'''

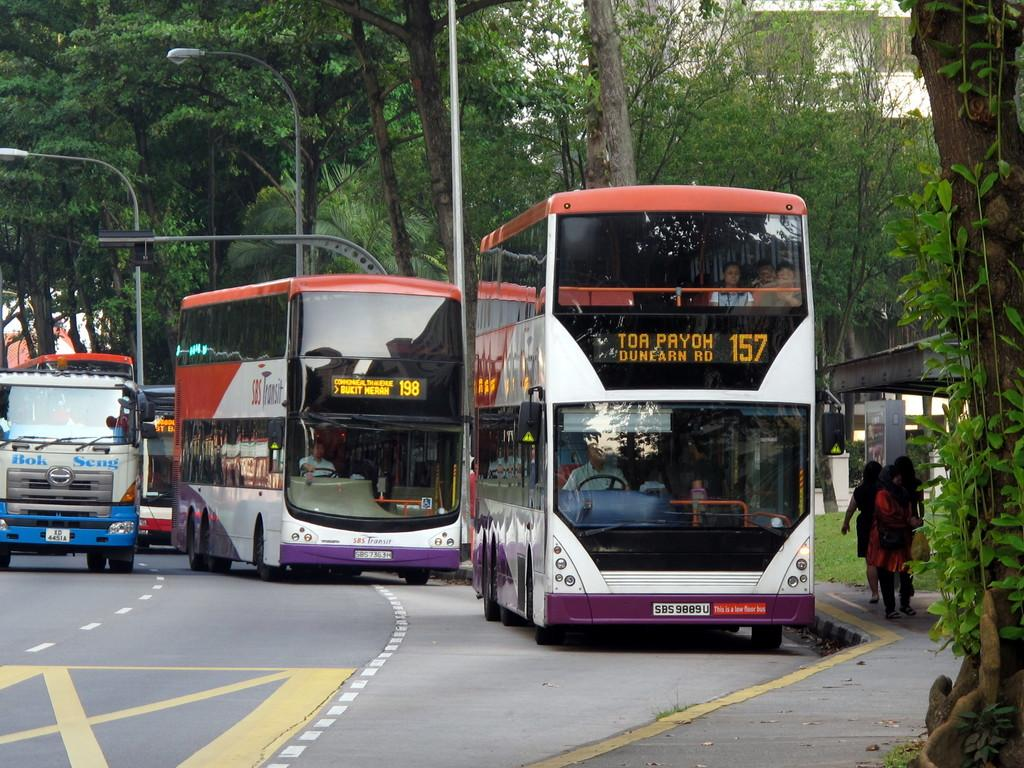What type of vehicles are parked on the road in the image? There are buses parked on the road in the image. What are the people in the buses doing? People are sitting in the buses. Where are the people waiting for the bus located? There are people standing at a bus stop. What type of vegetation can be seen in the image? Trees are present in the image. What type of cub can be seen playing with the train in the image? There is no cub or train present in the image; it features buses parked on the road and people at a bus stop. What order are the people waiting for the bus following in the image? There is no indication of any specific order in which the people are waiting for the bus in the image. 
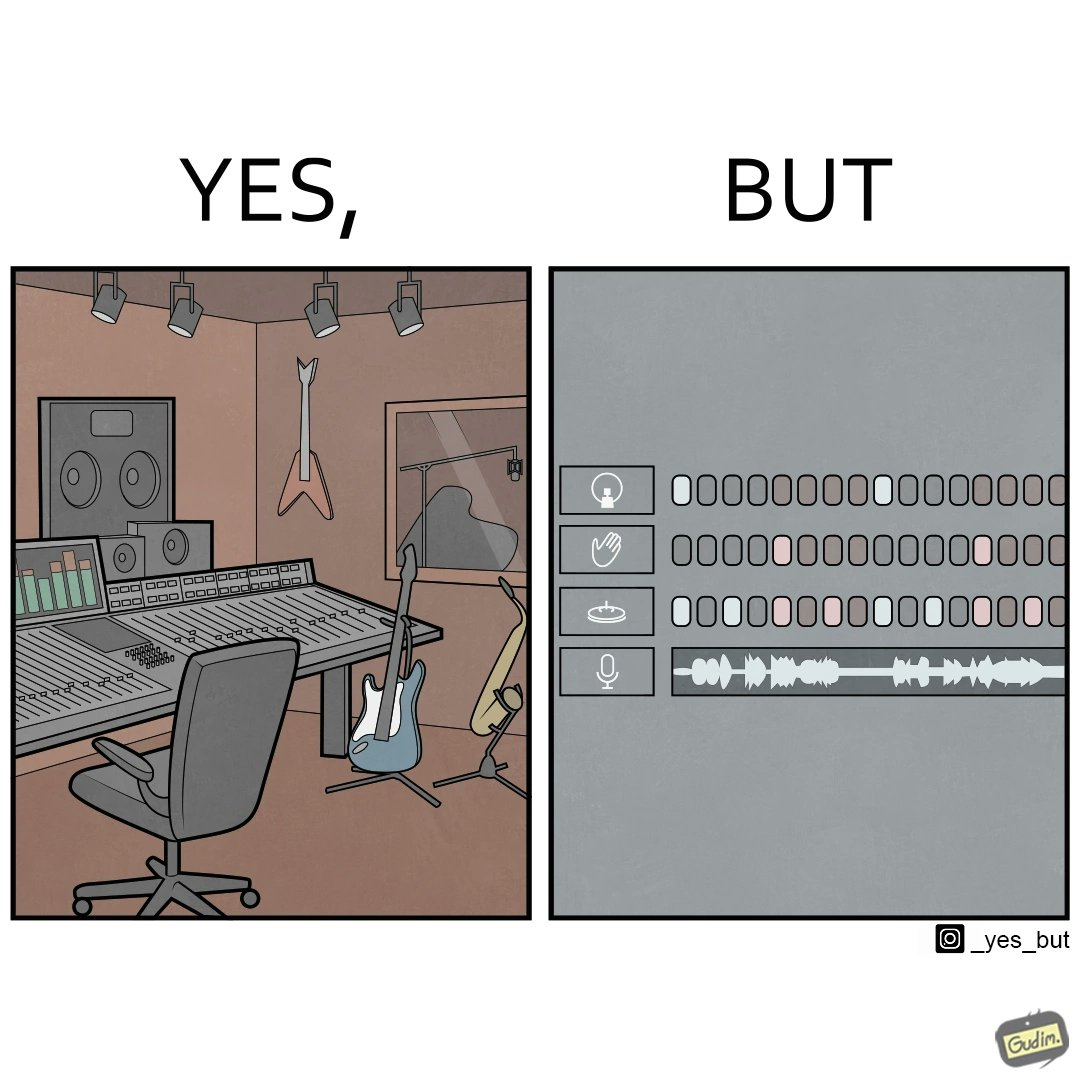Describe the satirical element in this image. The image overall is funny because even though people have great music studios and instruments to create and record music, they use electronic replacements of the musical instruments to achieve the task. 
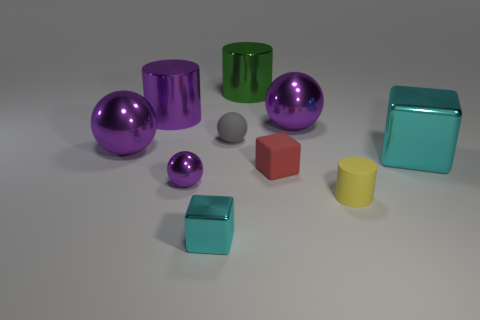Subtract all tiny cubes. How many cubes are left? 1 Subtract all balls. How many objects are left? 6 Subtract all cyan blocks. How many blocks are left? 1 Subtract 2 blocks. How many blocks are left? 1 Add 7 large purple shiny spheres. How many large purple shiny spheres are left? 9 Add 10 tiny metallic cylinders. How many tiny metallic cylinders exist? 10 Subtract 1 red cubes. How many objects are left? 9 Subtract all purple cubes. Subtract all purple cylinders. How many cubes are left? 3 Subtract all blue cubes. How many yellow cylinders are left? 1 Subtract all purple cylinders. Subtract all yellow matte cylinders. How many objects are left? 8 
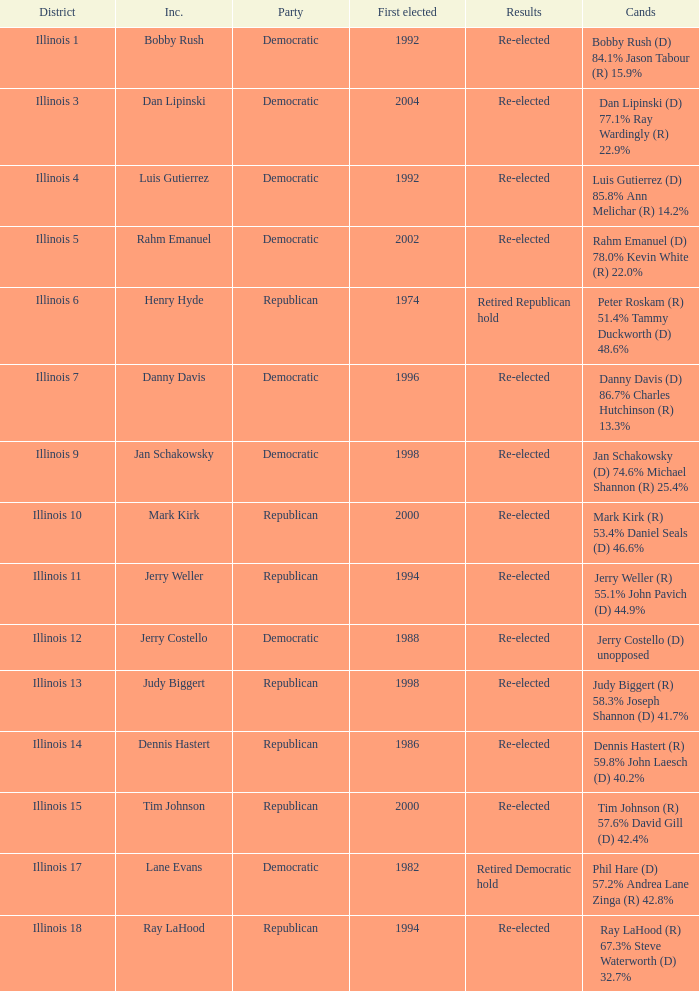Who were the candidates when the first elected was a republican in 1998?  Judy Biggert (R) 58.3% Joseph Shannon (D) 41.7%. Would you mind parsing the complete table? {'header': ['District', 'Inc.', 'Party', 'First elected', 'Results', 'Cands'], 'rows': [['Illinois 1', 'Bobby Rush', 'Democratic', '1992', 'Re-elected', 'Bobby Rush (D) 84.1% Jason Tabour (R) 15.9%'], ['Illinois 3', 'Dan Lipinski', 'Democratic', '2004', 'Re-elected', 'Dan Lipinski (D) 77.1% Ray Wardingly (R) 22.9%'], ['Illinois 4', 'Luis Gutierrez', 'Democratic', '1992', 'Re-elected', 'Luis Gutierrez (D) 85.8% Ann Melichar (R) 14.2%'], ['Illinois 5', 'Rahm Emanuel', 'Democratic', '2002', 'Re-elected', 'Rahm Emanuel (D) 78.0% Kevin White (R) 22.0%'], ['Illinois 6', 'Henry Hyde', 'Republican', '1974', 'Retired Republican hold', 'Peter Roskam (R) 51.4% Tammy Duckworth (D) 48.6%'], ['Illinois 7', 'Danny Davis', 'Democratic', '1996', 'Re-elected', 'Danny Davis (D) 86.7% Charles Hutchinson (R) 13.3%'], ['Illinois 9', 'Jan Schakowsky', 'Democratic', '1998', 'Re-elected', 'Jan Schakowsky (D) 74.6% Michael Shannon (R) 25.4%'], ['Illinois 10', 'Mark Kirk', 'Republican', '2000', 'Re-elected', 'Mark Kirk (R) 53.4% Daniel Seals (D) 46.6%'], ['Illinois 11', 'Jerry Weller', 'Republican', '1994', 'Re-elected', 'Jerry Weller (R) 55.1% John Pavich (D) 44.9%'], ['Illinois 12', 'Jerry Costello', 'Democratic', '1988', 'Re-elected', 'Jerry Costello (D) unopposed'], ['Illinois 13', 'Judy Biggert', 'Republican', '1998', 'Re-elected', 'Judy Biggert (R) 58.3% Joseph Shannon (D) 41.7%'], ['Illinois 14', 'Dennis Hastert', 'Republican', '1986', 'Re-elected', 'Dennis Hastert (R) 59.8% John Laesch (D) 40.2%'], ['Illinois 15', 'Tim Johnson', 'Republican', '2000', 'Re-elected', 'Tim Johnson (R) 57.6% David Gill (D) 42.4%'], ['Illinois 17', 'Lane Evans', 'Democratic', '1982', 'Retired Democratic hold', 'Phil Hare (D) 57.2% Andrea Lane Zinga (R) 42.8%'], ['Illinois 18', 'Ray LaHood', 'Republican', '1994', 'Re-elected', 'Ray LaHood (R) 67.3% Steve Waterworth (D) 32.7%']]} 
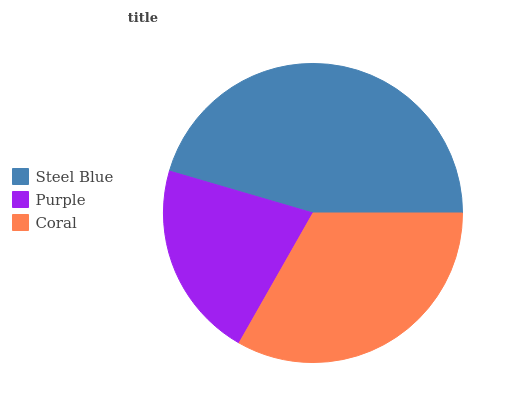Is Purple the minimum?
Answer yes or no. Yes. Is Steel Blue the maximum?
Answer yes or no. Yes. Is Coral the minimum?
Answer yes or no. No. Is Coral the maximum?
Answer yes or no. No. Is Coral greater than Purple?
Answer yes or no. Yes. Is Purple less than Coral?
Answer yes or no. Yes. Is Purple greater than Coral?
Answer yes or no. No. Is Coral less than Purple?
Answer yes or no. No. Is Coral the high median?
Answer yes or no. Yes. Is Coral the low median?
Answer yes or no. Yes. Is Steel Blue the high median?
Answer yes or no. No. Is Purple the low median?
Answer yes or no. No. 
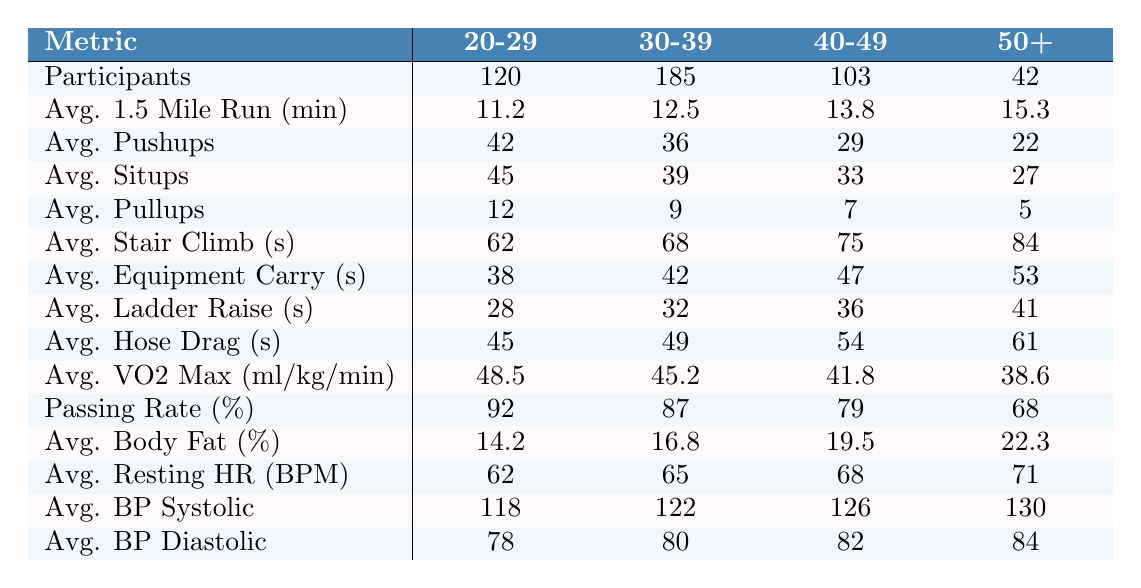What is the average 1.5-mile run time for the 30-39 age group? The average run time for the 30-39 age group is listed in the table under the category "Avg. 1.5 Mile Run (min)", which shows it as 12.5 minutes.
Answer: 12.5 minutes How many participants are in the 50+ age group? The number of participants in the 50+ age group can be found under the "Participants" column, where it states there are 42 participants.
Answer: 42 What is the passing rate for the 40-49 age group? The passing rate for the 40-49 age group is indicated in the "Passing Rate (%)" row, which shows it as 79 percent.
Answer: 79 percent Which age group has the highest average number of pushups? By comparing the average pushups count across all age groups, the 20-29 age group has the highest average at 42 pushups.
Answer: 20-29 age group Calculate the difference in average VO2 Max between the 20-29 and 50+ age groups. The average VO2 Max for the 20-29 age group is 48.5 and for the 50+ age group is 38.6. The difference is 48.5 - 38.6 = 9.9.
Answer: 9.9 Does the average resting heart rate increase with age? By examining the "Avg. Resting HR (BPM)" values for each age group, it is observed that the values increase: 62, 65, 68, and 71 for the respective groups, confirming that it does increase.
Answer: Yes What is the average equipment carry time for ages 30-39 and 50+ combined? The average equipment carry time for 30-39 is 42 seconds and for 50+ is 53 seconds. To find the average of these, add them together (42 + 53 = 95 seconds) and divide by 2 giving 95 / 2 = 47.5 seconds.
Answer: 47.5 seconds Which age group has the lowest average body fat percentage? The lowest average body fat percentage can be found in the "Avg. Body Fat (%)" row, where it is 14.2 percent for the 20-29 age group.
Answer: 20-29 age group How does the average ladder raise time change from the 30-39 age group to the 40-49 age group? The average ladder raise time for 30-39 is 32 seconds, and for 40-49 it is 36 seconds, indicating an increase of 36 - 32 = 4 seconds as we move to the older age group.
Answer: Increased by 4 seconds Is there a negative trend in pullup counts as age increases? By comparing the "Avg. Pullups" row values (12, 9, 7, 5), it shows a decreasing trend with increasing age, confirming a negative trend in pullup counts.
Answer: Yes 
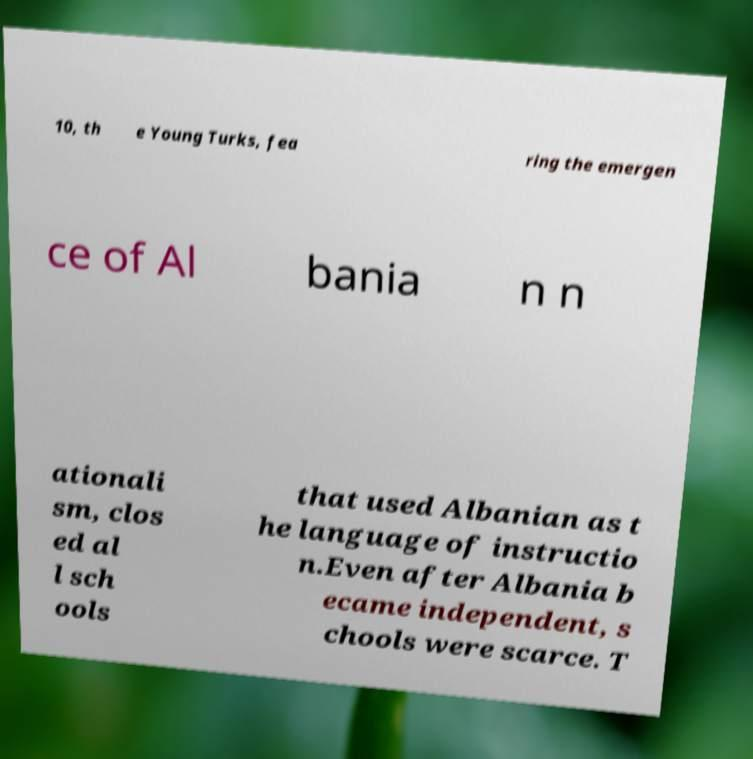Could you assist in decoding the text presented in this image and type it out clearly? 10, th e Young Turks, fea ring the emergen ce of Al bania n n ationali sm, clos ed al l sch ools that used Albanian as t he language of instructio n.Even after Albania b ecame independent, s chools were scarce. T

'''

Task –
Write out exactly the lines above, from the very first through the line containing "Describe the satirical", both kept, with the pictures removed.

Exercise answer –
What type of vehicles are parked on the road in the image? There are buses parked on the road in the image. What are the people in the buses doing? People are sitting in the buses. Where are the people waiting for the bus located? There are people standing at a bus stop. What type of vegetation can be seen in the image? Trees are present in the image. What type of cub can be seen playing with the train in the image? There is no cub or train present in the image; it features buses parked on the road and people at a bus stop. What order are the people waiting for the bus following in the image? There is no indication of any specific order in which the people are waiting for the bus in the image. 
Describe the satirical element in this image. The image overall is funny because even though people have great music studios and instruments to create and record music, they use electronic replacements of the musical instruments to achieve the task. 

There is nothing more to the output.